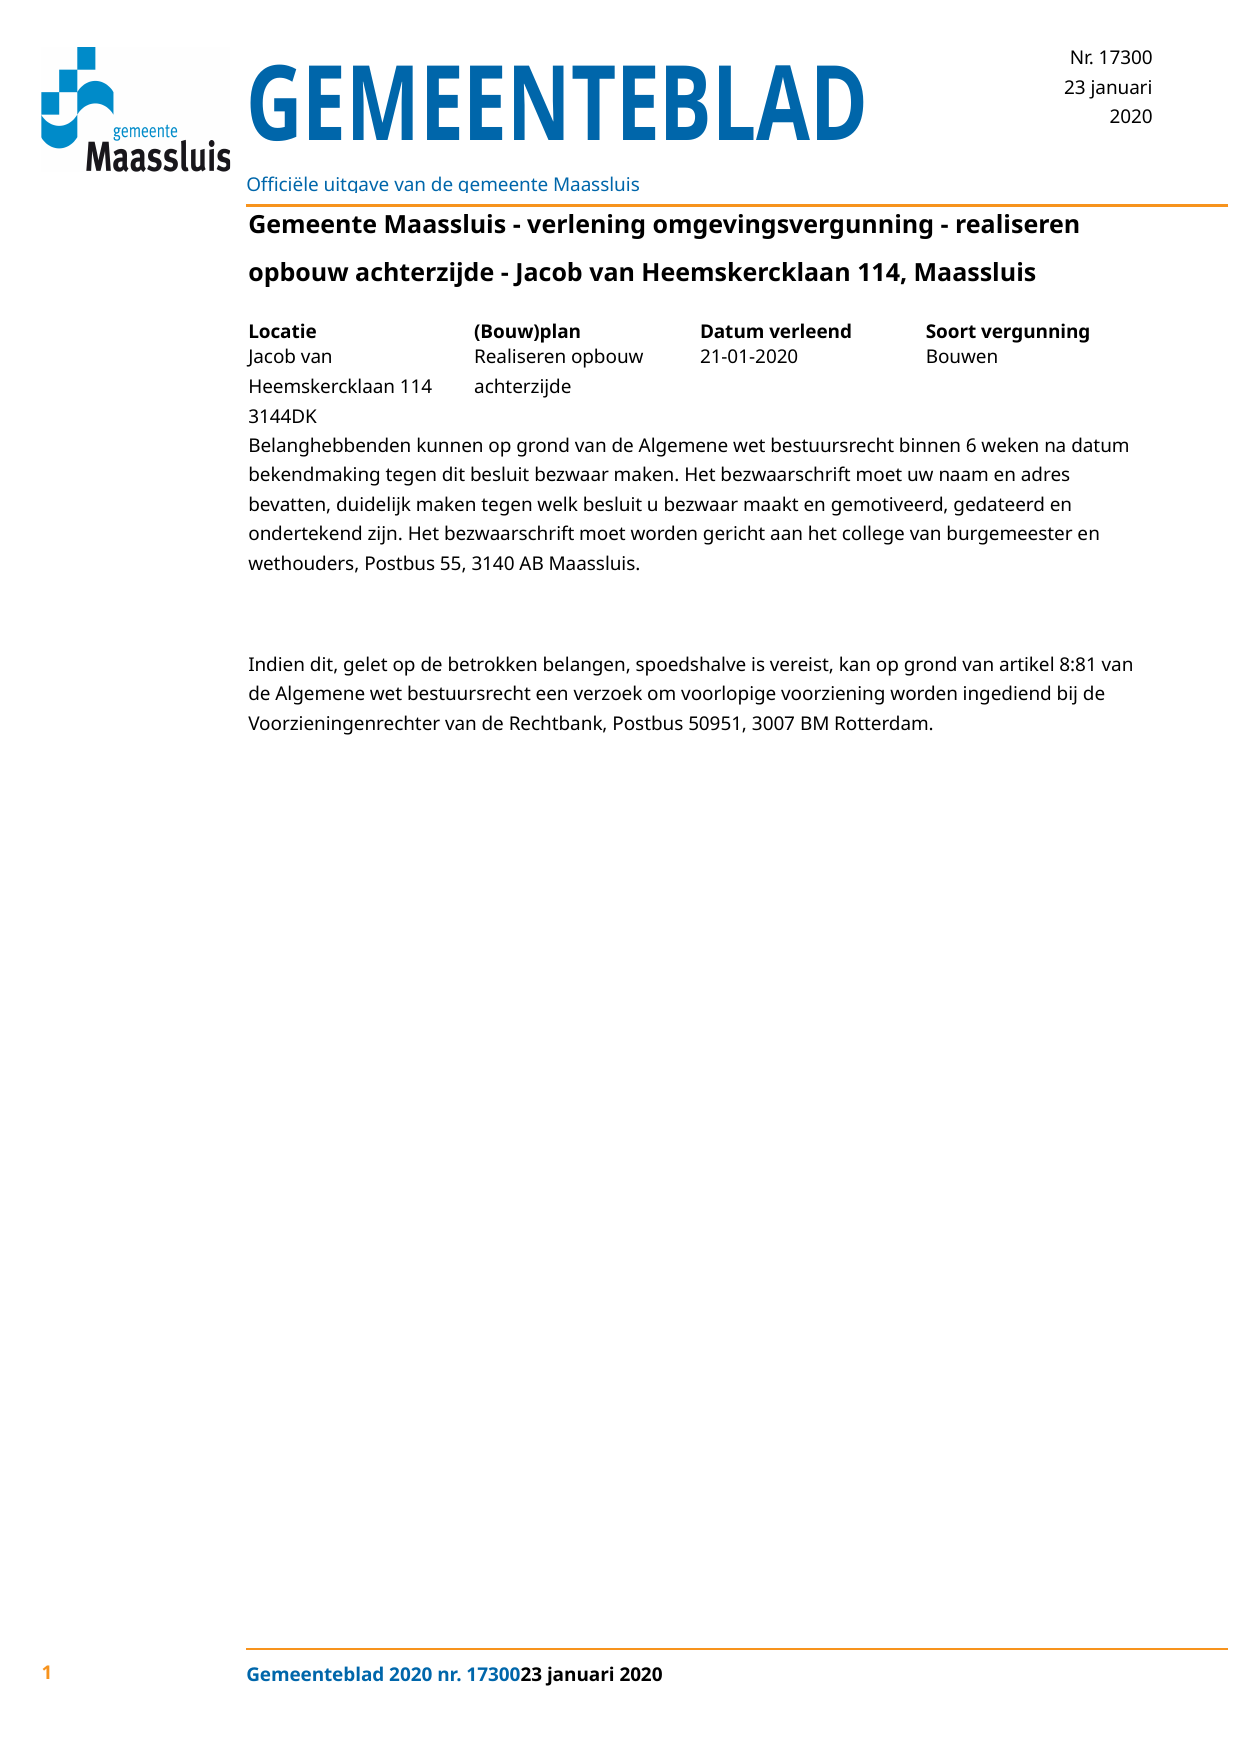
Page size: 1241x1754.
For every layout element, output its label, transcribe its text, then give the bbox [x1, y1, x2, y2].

table_cell Jacob van Heemskercklaan 114 3144DK [248, 344, 474, 429]
text Belanghebbenden kunnen op grond van de Algemene wet bestuursrecht binnen 6 weken na datum bekendmaking tegen dit besluit bezwaar maken. Het bezwaarschrift moet uw naam en adres bevatten, duidelijk maken tegen welk besluit u bezwaar maakt en gemotiveerd, gedateerd en ondertekend zijn. Het bezwaarschrift moet worden gericht aan het college van burgemeester en wethouders, Postbus 55, 3140 AB Maassluis. [248, 432, 1152, 576]
table_header Datum verleend [700, 318, 926, 344]
text Gemeente Maassluis - verlening omgevingsvergunning - realiseren opbouw achterzijde - Jacob van Heemskercklaan 114, Maassluis [248, 207, 1152, 288]
table_cell Realiseren opbouw achterzijde [474, 344, 700, 429]
table_header (Bouw)plan [474, 318, 700, 344]
picture [41, 47, 231, 172]
table_header Locatie [248, 318, 474, 344]
text Indien dit, gelet op de betrokken belangen, spoedshalve is vereist, kan op grond van artikel 8:81 van de Algemene wet bestuursrecht een verzoek om voorlopige voorziening worden ingediend bij de Voorzieningenrechter van de Rechtbank, Postbus 50951, 3007 BM Rotterdam. [248, 651, 1152, 736]
table_cell Bouwen [926, 344, 1152, 429]
picture [41, 47, 77, 92]
table_header Soort vergunning [926, 318, 1152, 344]
table_cell 21-01-2020 [700, 344, 926, 429]
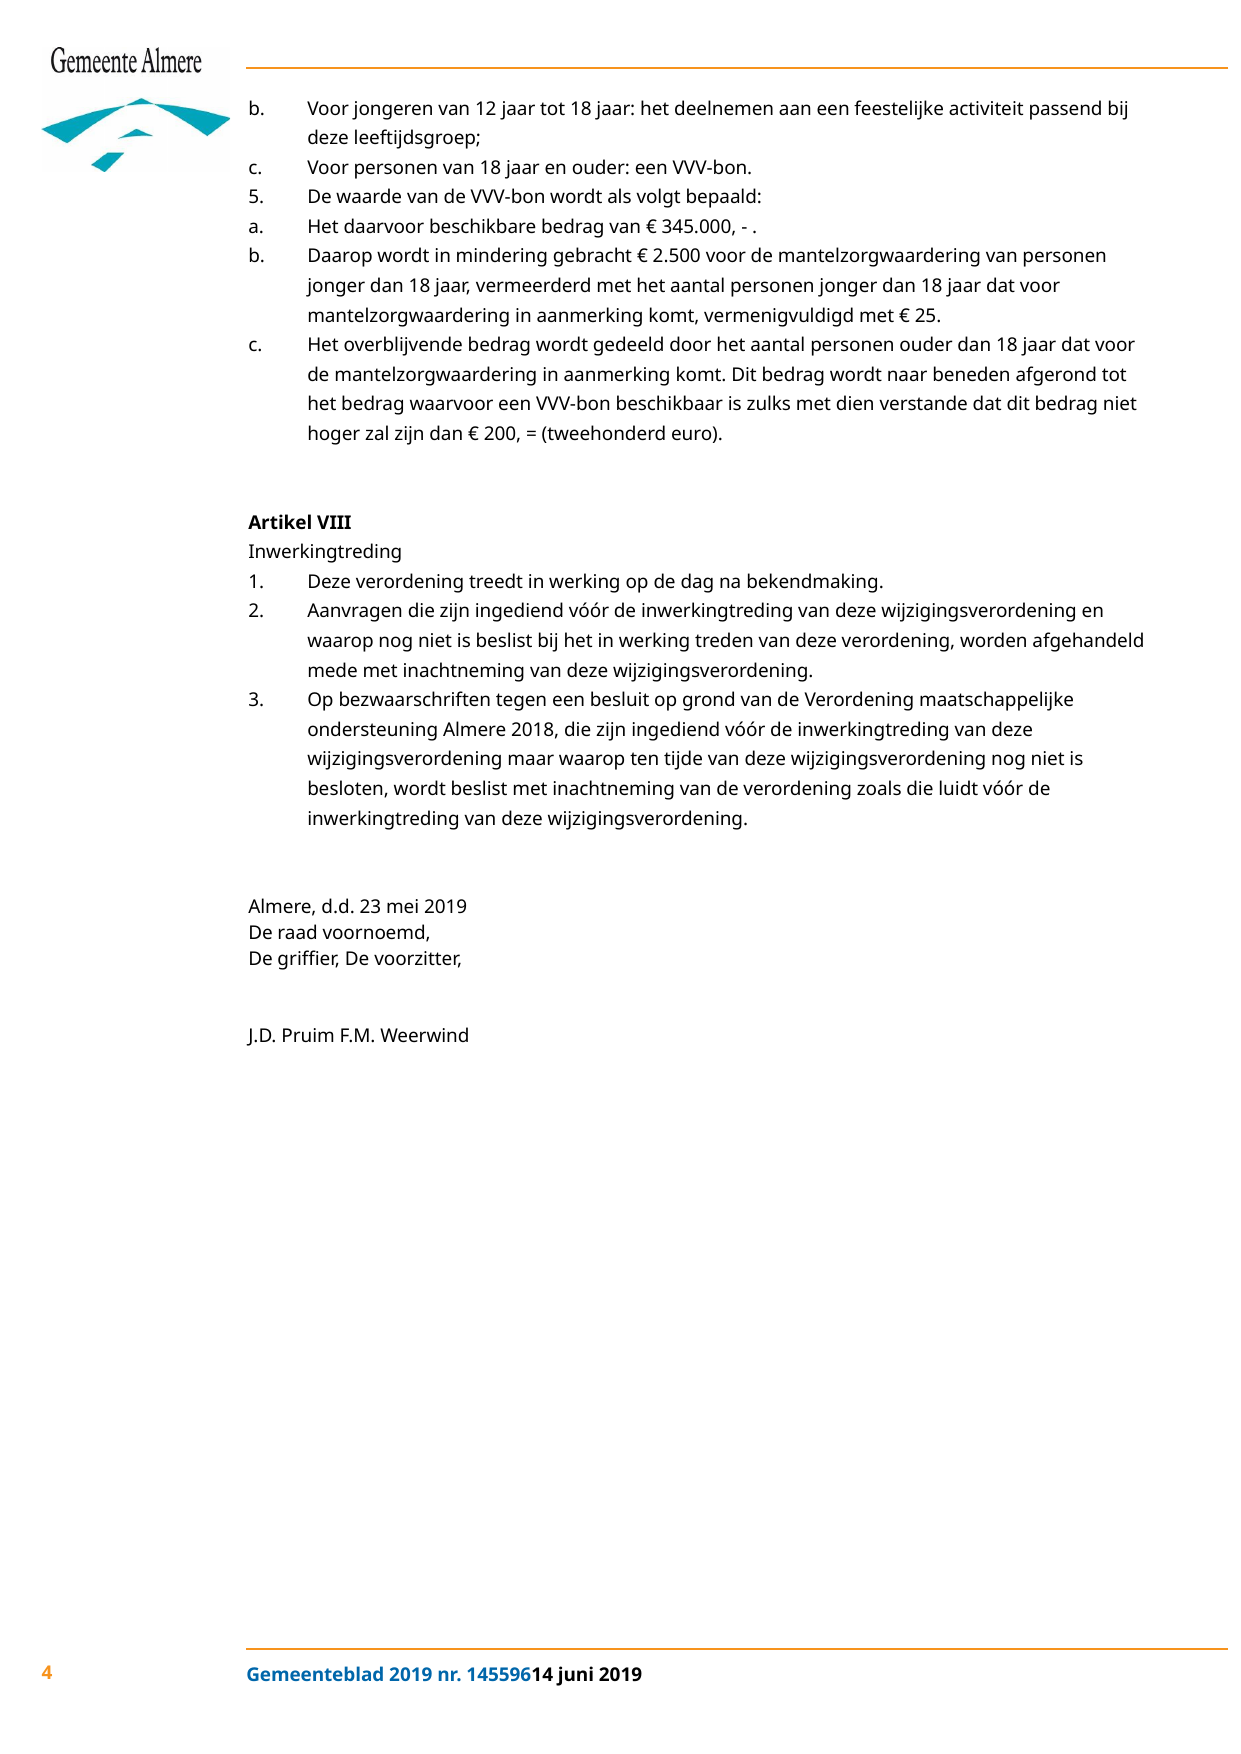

----

Look at the listing and set down only the lines from its start through the line with "table_cell Jacob van", word for word and without pictures.

### EXPECTED ANSWER
Page size: 1241x1754.
For every layout element, output its label, transcribe its text, then give the bbox [x1, y1, x2, y2].

table_cell Jacob van Heemskercklaan 114 3144DK [248, 344, 474, 429]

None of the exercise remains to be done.